*Provided information:*
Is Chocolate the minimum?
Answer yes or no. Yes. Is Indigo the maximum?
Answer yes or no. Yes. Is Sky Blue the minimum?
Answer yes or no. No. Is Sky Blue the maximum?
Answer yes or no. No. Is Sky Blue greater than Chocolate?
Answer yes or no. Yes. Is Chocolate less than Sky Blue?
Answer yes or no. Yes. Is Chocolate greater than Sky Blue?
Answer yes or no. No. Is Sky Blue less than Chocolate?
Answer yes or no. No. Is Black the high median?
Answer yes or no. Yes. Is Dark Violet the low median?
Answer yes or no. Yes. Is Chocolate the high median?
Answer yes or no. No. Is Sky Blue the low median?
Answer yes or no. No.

...

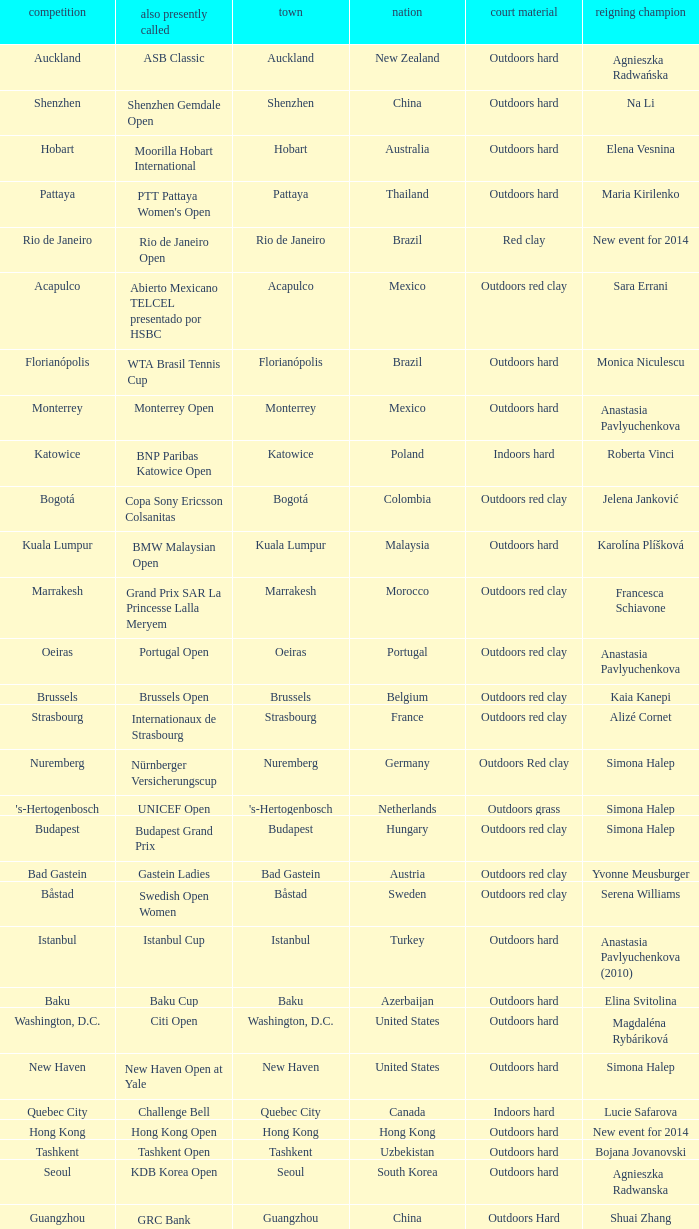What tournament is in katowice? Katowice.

*Work request:*
Find each line above that contains "minimum", and copy those lines.

*Reply:*
Is Chocolate the minimum?
Answer yes or no. Yes. Is Sky Blue the minimum?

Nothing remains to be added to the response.